Your goal: Print each entry as it appears. Images stay out of the copy.

_ _ _ _

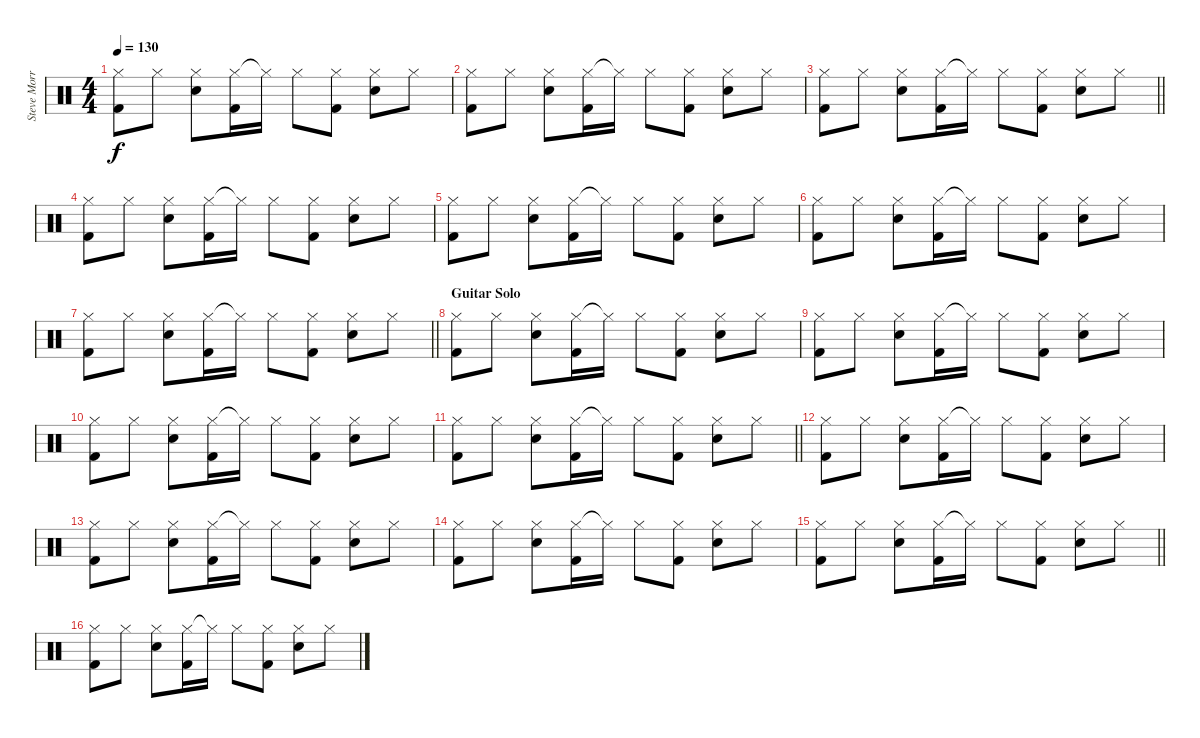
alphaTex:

\track ("Steve Morris" "Steve Morr") {instrument percussion}
\staff {score}
\articulation defaults
\ts (4 4)
\tempo 130
\clef neutral
\ks c
("Hi-Hat (closed)" "Kick (hit) 2").8{dy f} "Hi-Hat (closed)".8 ("Hi-Hat (closed)" "Electric Snare (hit)").8 ("Hi-Hat (closed)" "Kick (hit) 2").16 "Hi-Hat (closed)"{t}.16 "Hi-Hat (closed)".8 ("Hi-Hat (closed)" "Kick (hit) 2").8 ("Hi-Hat (closed)" "Electric Snare (hit)").8 "Hi-Hat (closed)".8 |
("Hi-Hat (closed)" "Kick (hit) 2").8 "Hi-Hat (closed)".8 ("Hi-Hat (closed)" "Electric Snare (hit)").8 ("Hi-Hat (closed)" "Kick (hit) 2").16 "Hi-Hat (closed)"{t}.16 "Hi-Hat (closed)".8 ("Hi-Hat (closed)" "Kick (hit) 2").8 ("Hi-Hat (closed)" "Electric Snare (hit)").8 "Hi-Hat (closed)".8 |
\barLineRight lightlight
("Hi-Hat (closed)" "Kick (hit) 2").8 "Hi-Hat (closed)".8 ("Hi-Hat (closed)" "Electric Snare (hit)").8 ("Hi-Hat (closed)" "Kick (hit) 2").16 "Hi-Hat (closed)"{t}.16 "Hi-Hat (closed)".8 ("Hi-Hat (closed)" "Kick (hit) 2").8 ("Hi-Hat (closed)" "Electric Snare (hit)").8 "Hi-Hat (closed)".8 |
("Hi-Hat (closed)" "Kick (hit) 2").8 "Hi-Hat (closed)".8 ("Hi-Hat (closed)" "Electric Snare (hit)").8 ("Hi-Hat (closed)" "Kick (hit) 2").16 "Hi-Hat (closed)"{t}.16 "Hi-Hat (closed)".8 ("Hi-Hat (closed)" "Kick (hit) 2").8 ("Hi-Hat (closed)" "Electric Snare (hit)").8 "Hi-Hat (closed)".8 |
("Hi-Hat (closed)" "Kick (hit) 2").8 "Hi-Hat (closed)".8 ("Hi-Hat (closed)" "Electric Snare (hit)").8 ("Hi-Hat (closed)" "Kick (hit) 2").16 "Hi-Hat (closed)"{t}.16 "Hi-Hat (closed)".8 ("Hi-Hat (closed)" "Kick (hit) 2").8 ("Hi-Hat (closed)" "Electric Snare (hit)").8 "Hi-Hat (closed)".8 |
("Hi-Hat (closed)" "Kick (hit) 2").8 "Hi-Hat (closed)".8 ("Hi-Hat (closed)" "Electric Snare (hit)").8 ("Hi-Hat (closed)" "Kick (hit) 2").16 "Hi-Hat (closed)"{t}.16 "Hi-Hat (closed)".8 ("Hi-Hat (closed)" "Kick (hit) 2").8 ("Hi-Hat (closed)" "Electric Snare (hit)").8 "Hi-Hat (closed)".8 |
\barLineRight lightlight
("Hi-Hat (closed)" "Kick (hit) 2").8 "Hi-Hat (closed)".8 ("Hi-Hat (closed)" "Electric Snare (hit)").8 ("Hi-Hat (closed)" "Kick (hit) 2").16 "Hi-Hat (closed)"{t}.16 "Hi-Hat (closed)".8 ("Hi-Hat (closed)" "Kick (hit) 2").8 ("Hi-Hat (closed)" "Electric Snare (hit)").8 "Hi-Hat (closed)".8 |
\section ("" "Guitar Solo")
("Hi-Hat (closed)" "Kick (hit) 2").8 "Hi-Hat (closed)".8 ("Hi-Hat (closed)" "Electric Snare (hit)").8 ("Hi-Hat (closed)" "Kick (hit) 2").16 "Hi-Hat (closed)"{t}.16 "Hi-Hat (closed)".8 ("Hi-Hat (closed)" "Kick (hit) 2").8 ("Hi-Hat (closed)" "Electric Snare (hit)").8 "Hi-Hat (closed)".8 |
("Hi-Hat (closed)" "Kick (hit) 2").8 "Hi-Hat (closed)".8 ("Hi-Hat (closed)" "Electric Snare (hit)").8 ("Hi-Hat (closed)" "Kick (hit) 2").16 "Hi-Hat (closed)"{t}.16 "Hi-Hat (closed)".8 ("Hi-Hat (closed)" "Kick (hit) 2").8 ("Hi-Hat (closed)" "Electric Snare (hit)").8 "Hi-Hat (closed)".8 |
("Hi-Hat (closed)" "Kick (hit) 2").8 "Hi-Hat (closed)".8 ("Hi-Hat (closed)" "Electric Snare (hit)").8 ("Hi-Hat (closed)" "Kick (hit) 2").16 "Hi-Hat (closed)"{t}.16 "Hi-Hat (closed)".8 ("Hi-Hat (closed)" "Kick (hit) 2").8 ("Hi-Hat (closed)" "Electric Snare (hit)").8 "Hi-Hat (closed)".8 |
\barLineRight lightlight
("Hi-Hat (closed)" "Kick (hit) 2").8 "Hi-Hat (closed)".8 ("Hi-Hat (closed)" "Electric Snare (hit)").8 ("Hi-Hat (closed)" "Kick (hit) 2").16 "Hi-Hat (closed)"{t}.16 "Hi-Hat (closed)".8 ("Hi-Hat (closed)" "Kick (hit) 2").8 ("Hi-Hat (closed)" "Electric Snare (hit)").8 "Hi-Hat (closed)".8 |
("Hi-Hat (closed)" "Kick (hit) 2").8 "Hi-Hat (closed)".8 ("Hi-Hat (closed)" "Electric Snare (hit)").8 ("Hi-Hat (closed)" "Kick (hit) 2").16 "Hi-Hat (closed)"{t}.16 "Hi-Hat (closed)".8 ("Hi-Hat (closed)" "Kick (hit) 2").8 ("Hi-Hat (closed)" "Electric Snare (hit)").8 "Hi-Hat (closed)".8 |
("Hi-Hat (closed)" "Kick (hit) 2").8 "Hi-Hat (closed)".8 ("Hi-Hat (closed)" "Electric Snare (hit)").8 ("Hi-Hat (closed)" "Kick (hit) 2").16 "Hi-Hat (closed)"{t}.16 "Hi-Hat (closed)".8 ("Hi-Hat (closed)" "Kick (hit) 2").8 ("Hi-Hat (closed)" "Electric Snare (hit)").8 "Hi-Hat (closed)".8 |
("Hi-Hat (closed)" "Kick (hit) 2").8 "Hi-Hat (closed)".8 ("Hi-Hat (closed)" "Electric Snare (hit)").8 ("Hi-Hat (closed)" "Kick (hit) 2").16 "Hi-Hat (closed)"{t}.16 "Hi-Hat (closed)".8 ("Hi-Hat (closed)" "Kick (hit) 2").8 ("Hi-Hat (closed)" "Electric Snare (hit)").8 "Hi-Hat (closed)".8 |
\barLineRight lightlight
("Hi-Hat (closed)" "Kick (hit) 2").8 "Hi-Hat (closed)".8 ("Hi-Hat (closed)" "Electric Snare (hit)").8 ("Hi-Hat (closed)" "Kick (hit) 2").16 "Hi-Hat (closed)"{t}.16 "Hi-Hat (closed)".8 ("Hi-Hat (closed)" "Kick (hit) 2").8 ("Hi-Hat (closed)" "Electric Snare (hit)").8 "Hi-Hat (closed)".8 |
("Hi-Hat (closed)" "Kick (hit) 2").8 "Hi-Hat (closed)".8 ("Hi-Hat (closed)" "Electric Snare (hit)").8 ("Hi-Hat (closed)" "Kick (hit) 2").16 "Hi-Hat (closed)"{t}.16 "Hi-Hat (closed)".8 ("Hi-Hat (closed)" "Kick (hit) 2").8 ("Hi-Hat (closed)" "Electric Snare (hit)").8 "Hi-Hat (closed)".8

_ _ _ _

Exercise response:
alphaTex:

\track ("Steve Morris" "Steve Morr") {instrument percussion}
\staff {score}
\articulation defaults
\ts (4 4)
\tempo 130
\clef neutral
\ks c
("Hi-Hat (closed)" "Kick (hit) 2").8{dy f} "Hi-Hat (closed)".8 ("Hi-Hat (closed)" "Electric Snare (hit)").8 ("Hi-Hat (closed)" "Kick (hit) 2").16 "Hi-Hat (closed)"{t}.16 "Hi-Hat (closed)".8 ("Hi-Hat (closed)" "Kick (hit) 2").8 ("Hi-Hat (closed)" "Electric Snare (hit)").8 "Hi-Hat (closed)".8 |
("Hi-Hat (closed)" "Kick (hit) 2").8 "Hi-Hat (closed)".8 ("Hi-Hat (closed)" "Electric Snare (hit)").8 ("Hi-Hat (closed)" "Kick (hit) 2").16 "Hi-Hat (closed)"{t}.16 "Hi-Hat (closed)".8 ("Hi-Hat (closed)" "Kick (hit) 2").8 ("Hi-Hat (closed)" "Electric Snare (hit)").8 "Hi-Hat (closed)".8 |
\barLineRight lightlight
("Hi-Hat (closed)" "Kick (hit) 2").8 "Hi-Hat (closed)".8 ("Hi-Hat (closed)" "Electric Snare (hit)").8 ("Hi-Hat (closed)" "Kick (hit) 2").16 "Hi-Hat (closed)"{t}.16 "Hi-Hat (closed)".8 ("Hi-Hat (closed)" "Kick (hit) 2").8 ("Hi-Hat (closed)" "Electric Snare (hit)").8 "Hi-Hat (closed)".8 |
("Hi-Hat (closed)" "Kick (hit) 2").8 "Hi-Hat (closed)".8 ("Hi-Hat (closed)" "Electric Snare (hit)").8 ("Hi-Hat (closed)" "Kick (hit) 2").16 "Hi-Hat (closed)"{t}.16 "Hi-Hat (closed)".8 ("Hi-Hat (closed)" "Kick (hit) 2").8 ("Hi-Hat (closed)" "Electric Snare (hit)").8 "Hi-Hat (closed)".8 |
("Hi-Hat (closed)" "Kick (hit) 2").8 "Hi-Hat (closed)".8 ("Hi-Hat (closed)" "Electric Snare (hit)").8 ("Hi-Hat (closed)" "Kick (hit) 2").16 "Hi-Hat (closed)"{t}.16 "Hi-Hat (closed)".8 ("Hi-Hat (closed)" "Kick (hit) 2").8 ("Hi-Hat (closed)" "Electric Snare (hit)").8 "Hi-Hat (closed)".8 |
("Hi-Hat (closed)" "Kick (hit) 2").8 "Hi-Hat (closed)".8 ("Hi-Hat (closed)" "Electric Snare (hit)").8 ("Hi-Hat (closed)" "Kick (hit) 2").16 "Hi-Hat (closed)"{t}.16 "Hi-Hat (closed)".8 ("Hi-Hat (closed)" "Kick (hit) 2").8 ("Hi-Hat (closed)" "Electric Snare (hit)").8 "Hi-Hat (closed)".8 |
\barLineRight lightlight
("Hi-Hat (closed)" "Kick (hit) 2").8 "Hi-Hat (closed)".8 ("Hi-Hat (closed)" "Electric Snare (hit)").8 ("Hi-Hat (closed)" "Kick (hit) 2").16 "Hi-Hat (closed)"{t}.16 "Hi-Hat (closed)".8 ("Hi-Hat (closed)" "Kick (hit) 2").8 ("Hi-Hat (closed)" "Electric Snare (hit)").8 "Hi-Hat (closed)".8 |
\section ("" "Guitar Solo")
("Hi-Hat (closed)" "Kick (hit) 2").8 "Hi-Hat (closed)".8 ("Hi-Hat (closed)" "Electric Snare (hit)").8 ("Hi-Hat (closed)" "Kick (hit) 2").16 "Hi-Hat (closed)"{t}.16 "Hi-Hat (closed)".8 ("Hi-Hat (closed)" "Kick (hit) 2").8 ("Hi-Hat (closed)" "Electric Snare (hit)").8 "Hi-Hat (closed)".8 |
("Hi-Hat (closed)" "Kick (hit) 2").8 "Hi-Hat (closed)".8 ("Hi-Hat (closed)" "Electric Snare (hit)").8 ("Hi-Hat (closed)" "Kick (hit) 2").16 "Hi-Hat (closed)"{t}.16 "Hi-Hat (closed)".8 ("Hi-Hat (closed)" "Kick (hit) 2").8 ("Hi-Hat (closed)" "Electric Snare (hit)").8 "Hi-Hat (closed)".8 |
("Hi-Hat (closed)" "Kick (hit) 2").8 "Hi-Hat (closed)".8 ("Hi-Hat (closed)" "Electric Snare (hit)").8 ("Hi-Hat (closed)" "Kick (hit) 2").16 "Hi-Hat (closed)"{t}.16 "Hi-Hat (closed)".8 ("Hi-Hat (closed)" "Kick (hit) 2").8 ("Hi-Hat (closed)" "Electric Snare (hit)").8 "Hi-Hat (closed)".8 |
\barLineRight lightlight
("Hi-Hat (closed)" "Kick (hit) 2").8 "Hi-Hat (closed)".8 ("Hi-Hat (closed)" "Electric Snare (hit)").8 ("Hi-Hat (closed)" "Kick (hit) 2").16 "Hi-Hat (closed)"{t}.16 "Hi-Hat (closed)".8 ("Hi-Hat (closed)" "Kick (hit) 2").8 ("Hi-Hat (closed)" "Electric Snare (hit)").8 "Hi-Hat (closed)".8 |
("Hi-Hat (closed)" "Kick (hit) 2").8 "Hi-Hat (closed)".8 ("Hi-Hat (closed)" "Electric Snare (hit)").8 ("Hi-Hat (closed)" "Kick (hit) 2").16 "Hi-Hat (closed)"{t}.16 "Hi-Hat (closed)".8 ("Hi-Hat (closed)" "Kick (hit) 2").8 ("Hi-Hat (closed)" "Electric Snare (hit)").8 "Hi-Hat (closed)".8 |
("Hi-Hat (closed)" "Kick (hit) 2").8 "Hi-Hat (closed)".8 ("Hi-Hat (closed)" "Electric Snare (hit)").8 ("Hi-Hat (closed)" "Kick (hit) 2").16 "Hi-Hat (closed)"{t}.16 "Hi-Hat (closed)".8 ("Hi-Hat (closed)" "Kick (hit) 2").8 ("Hi-Hat (closed)" "Electric Snare (hit)").8 "Hi-Hat (closed)".8 |
("Hi-Hat (closed)" "Kick (hit) 2").8 "Hi-Hat (closed)".8 ("Hi-Hat (closed)" "Electric Snare (hit)").8 ("Hi-Hat (closed)" "Kick (hit) 2").16 "Hi-Hat (closed)"{t}.16 "Hi-Hat (closed)".8 ("Hi-Hat (closed)" "Kick (hit) 2").8 ("Hi-Hat (closed)" "Electric Snare (hit)").8 "Hi-Hat (closed)".8 |
\barLineRight lightlight
("Hi-Hat (closed)" "Kick (hit) 2").8 "Hi-Hat (closed)".8 ("Hi-Hat (closed)" "Electric Snare (hit)").8 ("Hi-Hat (closed)" "Kick (hit) 2").16 "Hi-Hat (closed)"{t}.16 "Hi-Hat (closed)".8 ("Hi-Hat (closed)" "Kick (hit) 2").8 ("Hi-Hat (closed)" "Electric Snare (hit)").8 "Hi-Hat (closed)".8 |
("Hi-Hat (closed)" "Kick (hit) 2").8 "Hi-Hat (closed)".8 ("Hi-Hat (closed)" "Electric Snare (hit)").8 ("Hi-Hat (closed)" "Kick (hit) 2").16 "Hi-Hat (closed)"{t}.16 "Hi-Hat (closed)".8 ("Hi-Hat (closed)" "Kick (hit) 2").8 ("Hi-Hat (closed)" "Electric Snare (hit)").8 "Hi-Hat (closed)".8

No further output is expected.